Overtreatment: This type of waste occurs when patients receive “defensive medicine” or excessive diagnostic tests. Defensive medicine is when practitioners order unnecessary tests out of fear of being sued for malpractice. Overall, this type of wastes accounts for about $200B
Administrative Complexity: This reflects the overly bureaucratic processes that reside in the US payer ecosystem. More specifically, this refers to the amount of time a practitioner would spend interacting with a payer versus actually treating patients. The estimate for this type of waste nearly $300B.
How can analytics help with each type of waste?
Pricing Failure: The trend toward a consumer driven marketplace in health care should dramatically impact the multiple types of pricing failures as consumers of health care will make tradeoffs based on costs. Analytics can help payers better engage this community to explore, understand and predict consumer behavior while also reducing associated risk of the patient population.
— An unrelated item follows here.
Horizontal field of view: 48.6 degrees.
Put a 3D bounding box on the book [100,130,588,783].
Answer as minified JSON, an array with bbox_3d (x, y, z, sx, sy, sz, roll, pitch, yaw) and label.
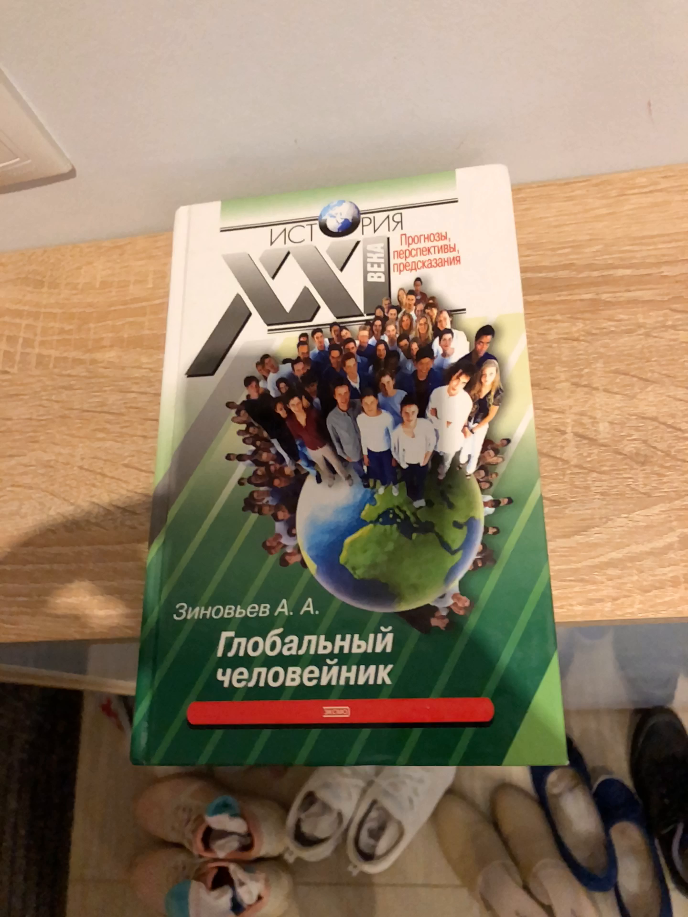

Fraud and Abuse: SAS Fraud Framework can dramatically help with fraud and abuse by identifying fraudulent spending and upcoding among a payer’s population.
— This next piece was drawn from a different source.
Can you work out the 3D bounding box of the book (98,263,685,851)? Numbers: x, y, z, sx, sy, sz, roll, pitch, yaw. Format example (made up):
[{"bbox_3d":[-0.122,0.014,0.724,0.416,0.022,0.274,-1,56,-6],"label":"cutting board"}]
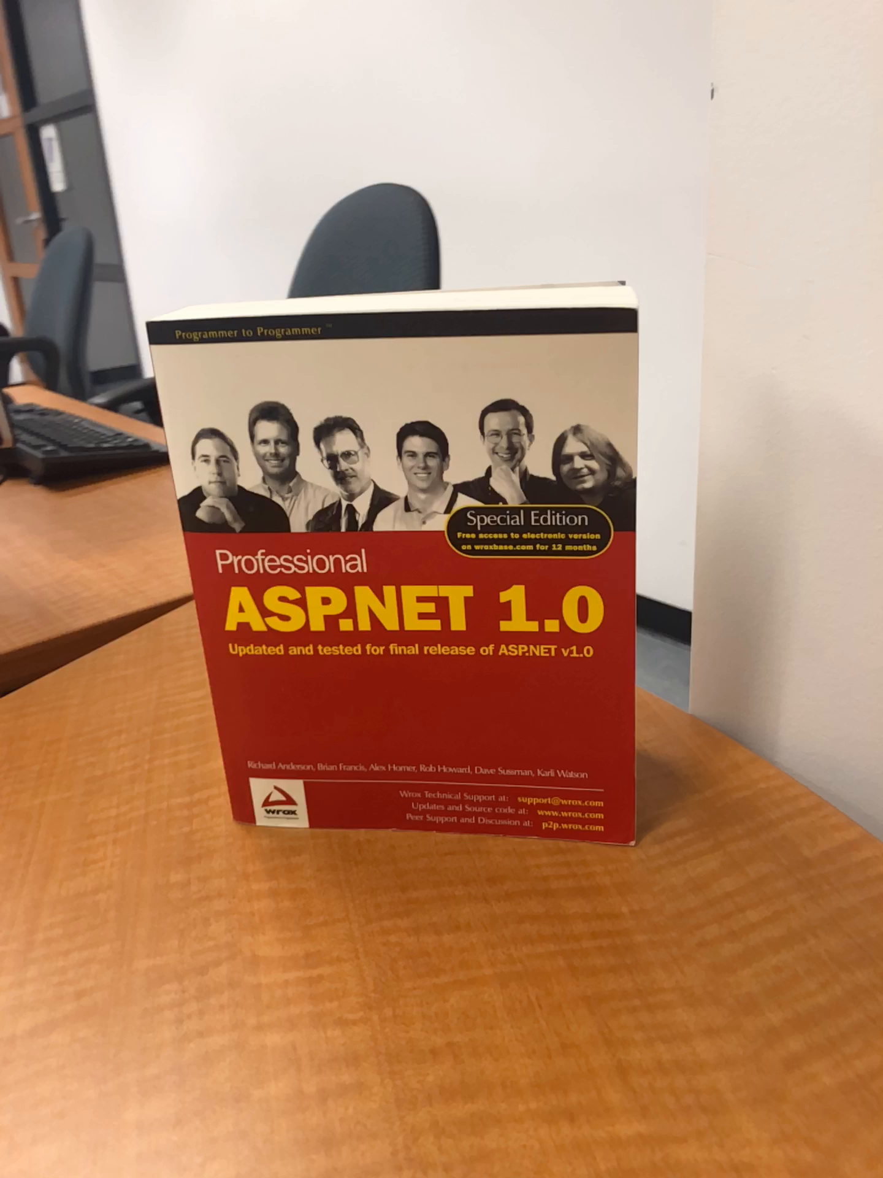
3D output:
[{"bbox_3d":[-0.012,-0.008,0.405,0.210,0.229,0.050,1,22,10],"label":"book"}]

Failure of Care Delivery: More and better health care analytics can help in two ways. First, analytics can help improve outcomes by speeding the R&D process to get better care and treatments to patients faster. Second, analytics at the point of care can help practitioners better determine the most effective clinical option.
Failures of Care Coordination: Poor communication among practitioners providing care to a patient can cause higher readmission rates, missed appointments, poor medication adherence and thus worse clinical outcomes and higher cost. SAS Episode Analytics can help identify these failures for practitioners to fix.
Overtreatment: Again, SAS Episode Analytics can help to identify areas of consistent overtreatment and thus avoid it moving forward.
Administrative Complexity: This area of waste is not as addressable by analytics due to a variety of political and bureaucratic issues. However, a variety of analytical tools can help payers and providers identify certain inefficiencies in the ecosystem and thus provide rationale for fixing them.
All of these issues are certainly complex and there is no easy or straightforward fix. Yet using analytics to begin to identify the precise waste within each one of these categories is a great start.